Shawna and Rick Neuner have been posting some of their properties on Airbnb since last summer. They had eight rented out at once during homecoming weekend, but Shawna says the pair can usually only manage four or five at a time. That’s how many they booked during the eclipse and during this year’s True/False Film Festival.
Starting out, the biggest hurdle for them was deciding to keep certain properties empty instead of having them on the market for more traditional leases. Once they decided to make the move, they also had upfront costs of furnishing the short-term units and paying for utilities.
They have seen some perks from their association with Airbnb.
“When it’s staged, it helps it rent faster,” Shawna says. “We find that the properties we’ve listed on Airbnb will get long-term rentals on it because it’s easier to see that space and what it’s going to look like going forward. It ends up being something where we do a lot of furniture moving from one property to another.”
But what about the properties that aren’t converted long-term rentals, those that haven’t gone through the city’s inspection protocols?

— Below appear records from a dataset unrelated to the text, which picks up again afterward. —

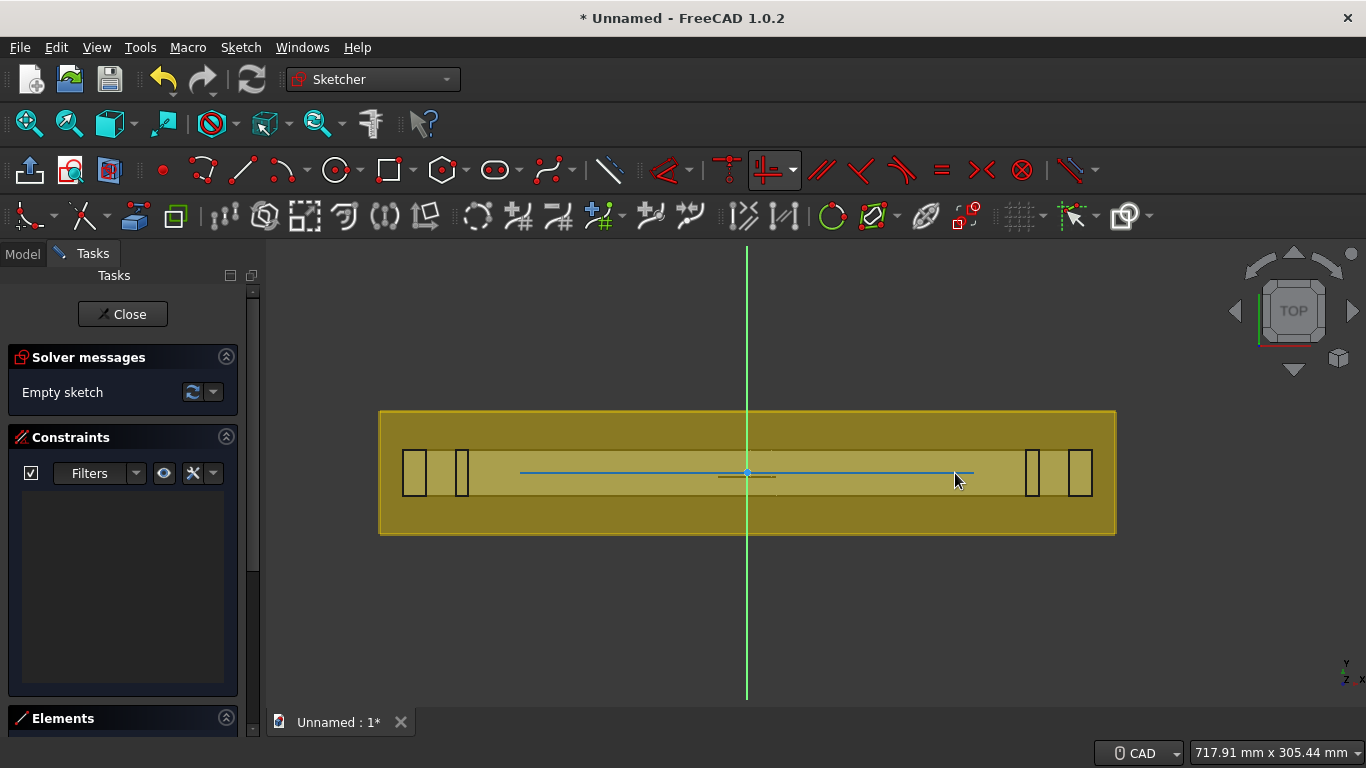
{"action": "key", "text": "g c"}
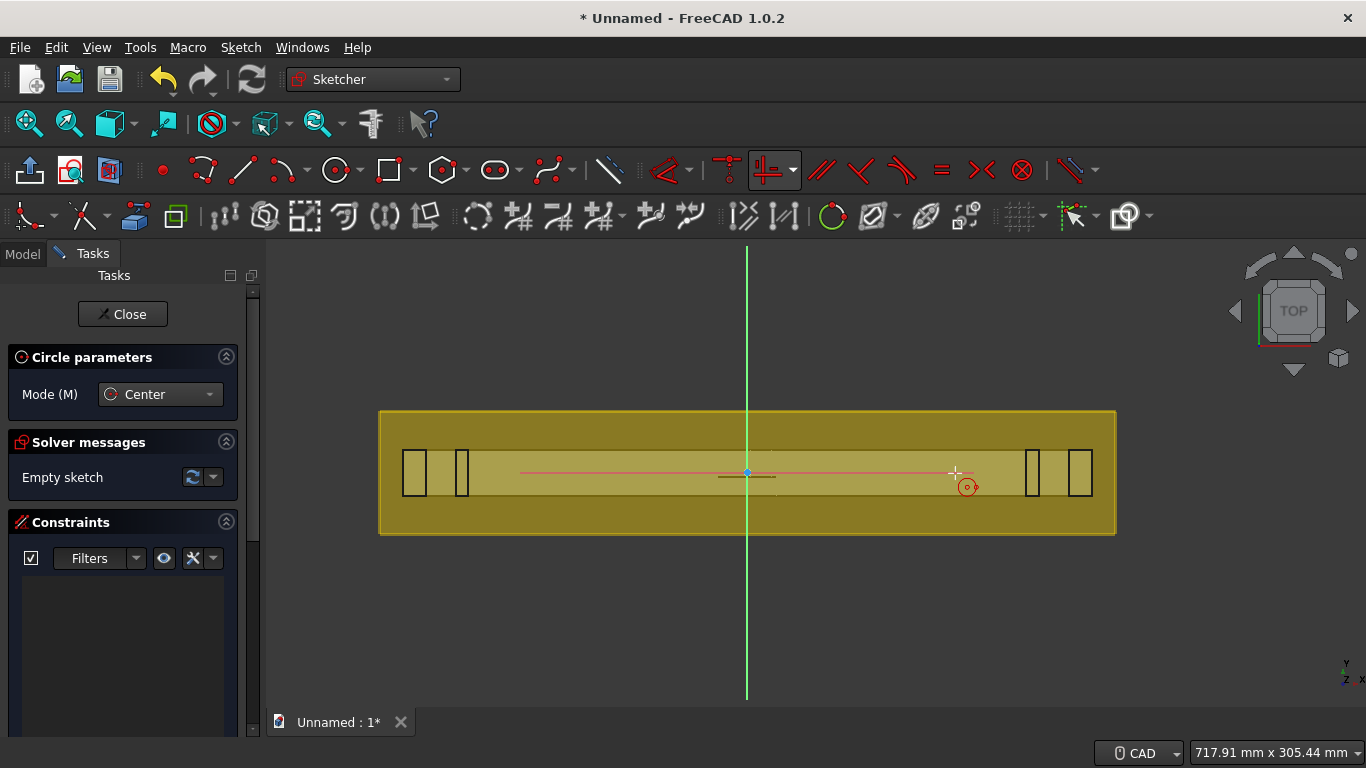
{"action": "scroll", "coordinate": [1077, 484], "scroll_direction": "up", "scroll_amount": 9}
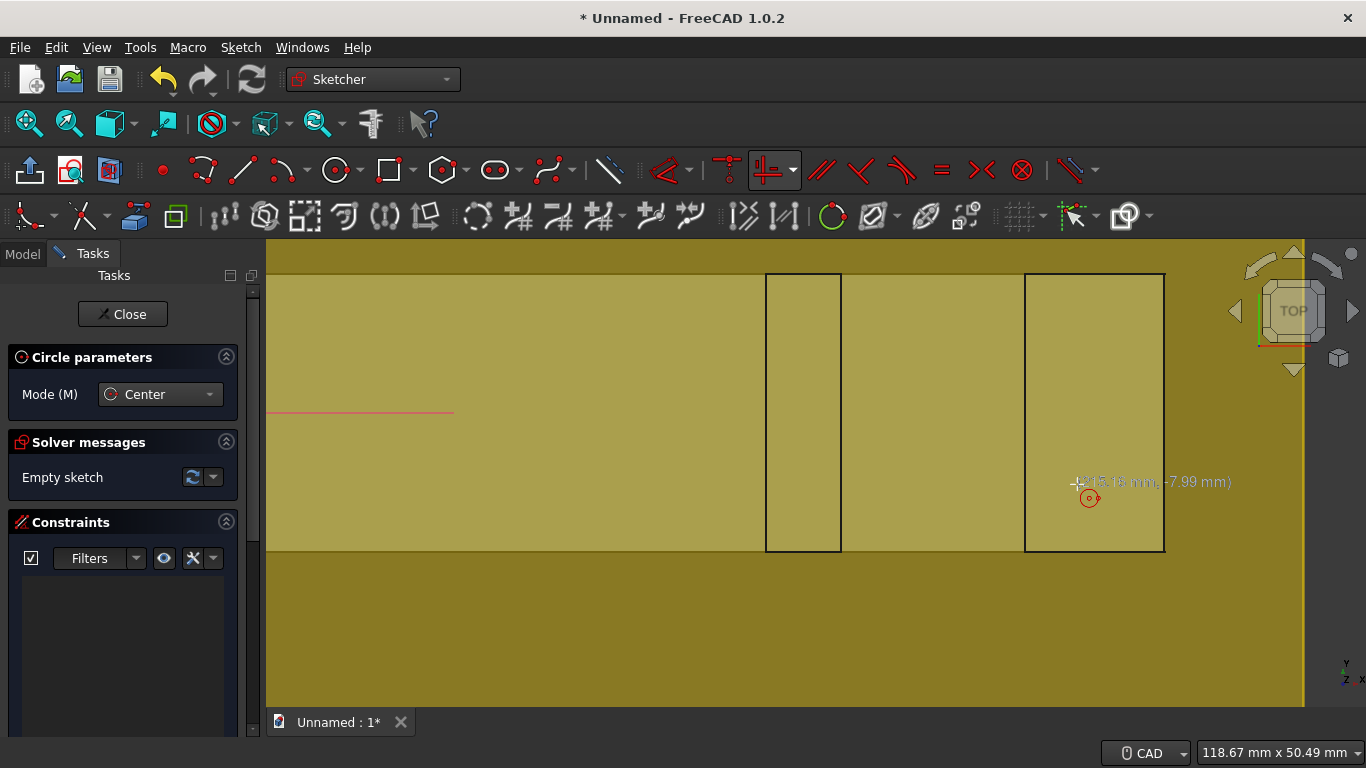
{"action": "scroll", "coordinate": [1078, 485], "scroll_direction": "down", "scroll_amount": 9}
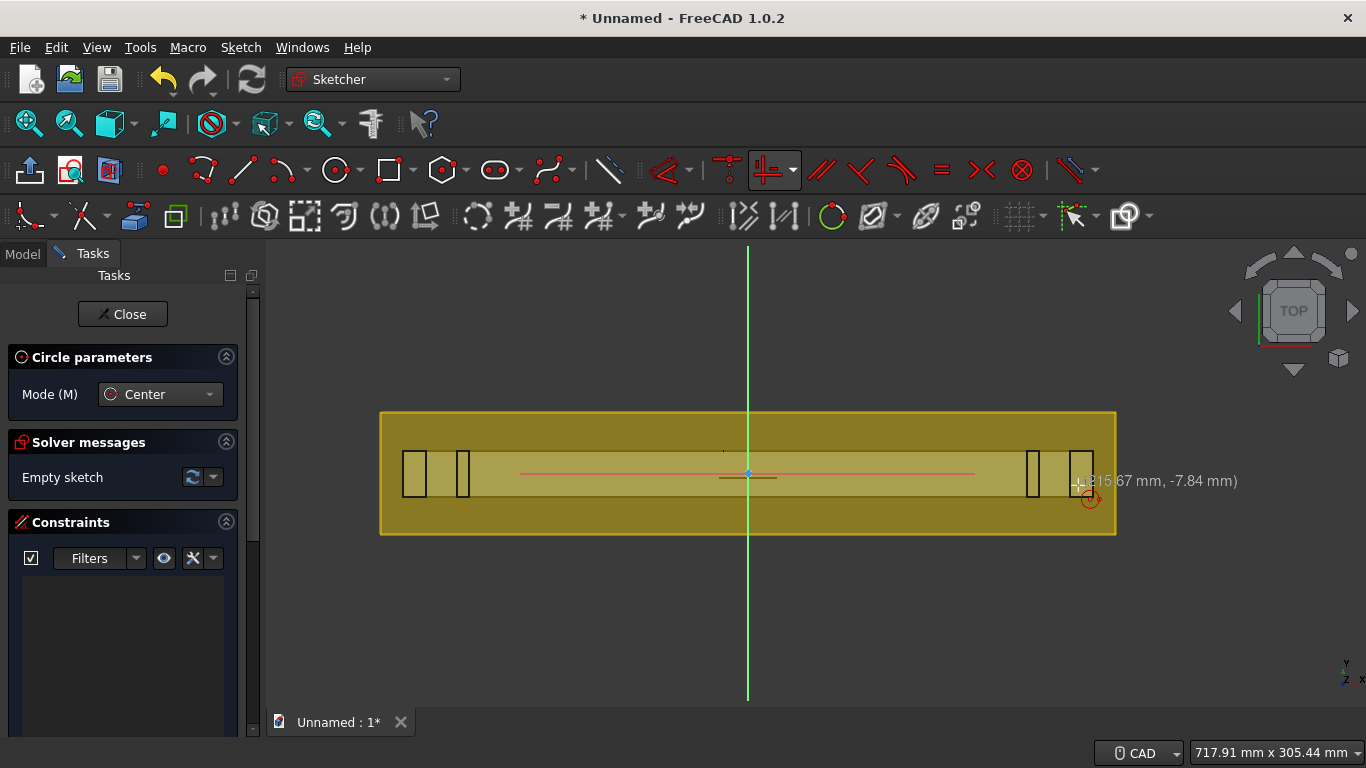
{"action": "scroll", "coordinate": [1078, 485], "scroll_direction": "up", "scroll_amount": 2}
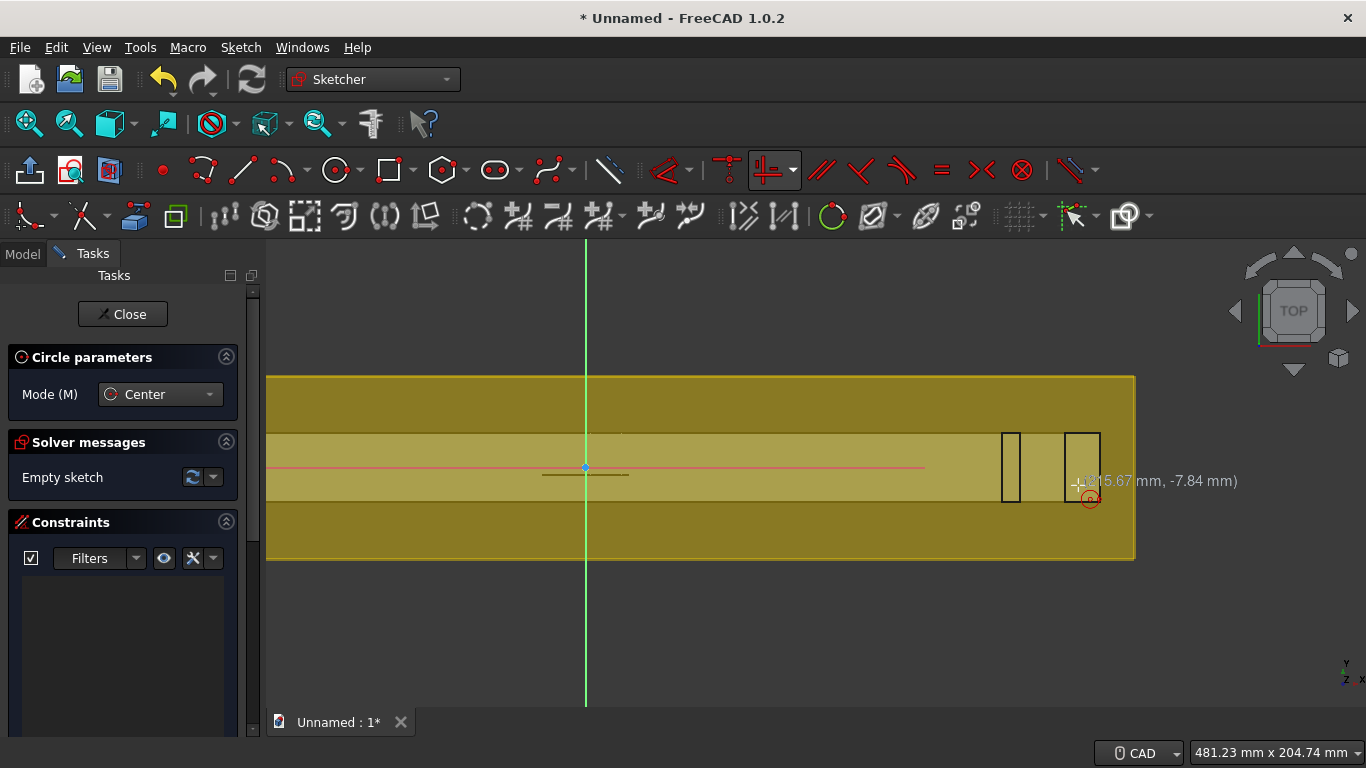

Well, there is no set protocol for short-term rental units registering in the city. Kottwitz says that the most the city can do when it becomes aware of a new short-term rental is to kindly ask the owners to be in compliance with city code.
“When people come to us and ask what they need to do to comply with city code, we often encourage those property owners to get their property registered and inspected as an act of good faith,” Kottwitz says. “Many have been happy to do that. We also realize we don’t have anything in our code that talks about this specifically. When there are people who don’t want to do it, we don’t have good standing to make them or take them to court for that.”
Even if the city were to normalize the process for registering and inspecting short-term rental properties, there’s no guarantee it would catch them all. You can comb Airbnb listings for addresses, but that wouldn’t capture those listed on other vacation rental sites, of which there are currently around 35, according to Farnen. Not to mention even more informal arrangements: A friend comes into town, stays a night and leaves $50 on your kitchen counter. Does that make your place a short-term rental unit?
For now, it’s one of the many unanswered questions the city is grappling with concerning a real estate trend not many envisioned. A lot can change in three years.
“I get the sense that the city is really trying to understand the whole issue and figure out what, exactly, they do need to address it and how to be the most equitable to all parties,” Shawna says. “They want to make sure that, if people are staying in a home, that it’s safe. And they want to get their tax money. How do you stay on top of it?”